Coherence in matplotlib and/or scipy.signal

I have a - naive - code to calculate the coherence between two signals.

import numpy as np
import matplotlib.pyplot as plt
from scipy import signal
 
# Create sine wave1
timestep = 0.01
time        = np.arange(0, 10, timestep)
freq = 10 # Hz
sinewave1   = np.sin(2.0 * np.pi * freq * time)
sinewave1  += 0.9*time;

# Create sine wave2 
sinewave2   = np.sin(2.0 * np.pi * freq * time)
sinewave2  += -1.2*time;

# Plot the sine waves 
plt.subplot(211)
plt.grid(True, which='both')
plt.xlabel('time')
plt.ylabel('amplitude')
plt.plot(time, sinewave1, time, sinewave2)

# Plot the coherences 
plt.subplot(212)
coh, f = plt.cohere(sinewave1, sinewave2, 256, 1./timestep, label="matplotlib coh")
plt.xlabel('frequency [Hz]')
plt.ylabel('coherence')

f, Cxy = signal.coherence(sinewave1, sinewave2, 1./timestep, nperseg=512)
plt.plot(f, Cxy, label="signal coh")
plt.legend(loc="lower right")
plt.show()

I would expect a peak at 10Hz in the coherence plots but instead I get these strange curves. Could anyone tell me what I am doing wrong or forward me to information that could instruct me?

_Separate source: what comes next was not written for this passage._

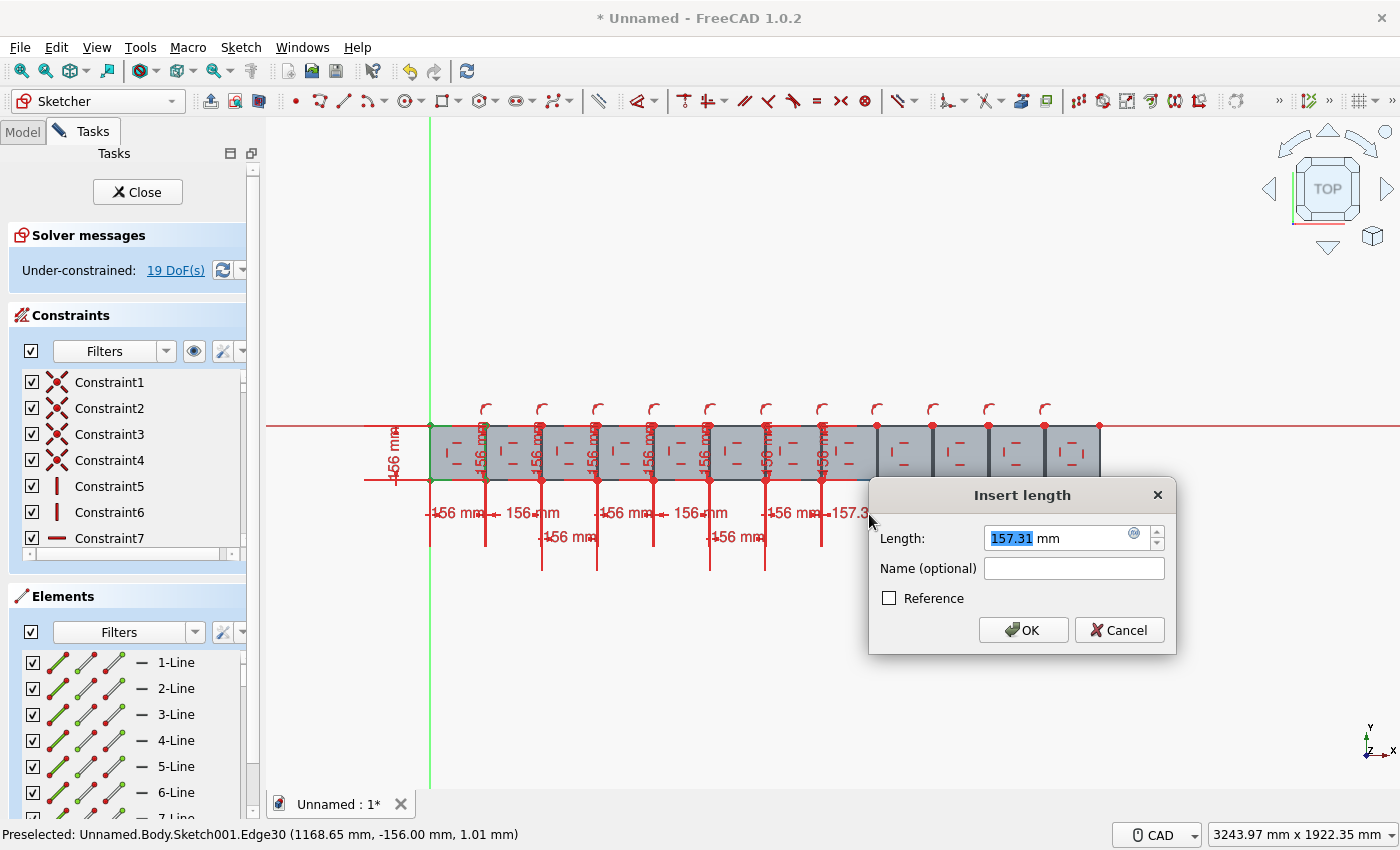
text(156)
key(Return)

These are highly coherent at all frequencies, so I don’t think these results are surprising. Add uncorrelated noise to each signal to see a peat at 10 Hz…

Hi,

Thank you for your fast reply. I added the following:

rng = np.random.default_rng()
noise_power = 12.0
noise1 = rng.normal(scale=np.sqrt(noise_power), size=time.shape)
sinewave1 += noise1
noise2 = rng.normal(scale=np.sqrt(noise_power), size=time.shape)
sinewave2 += noise2

And this makes the signals noisier but I still don’t see the peak at 10 Hz.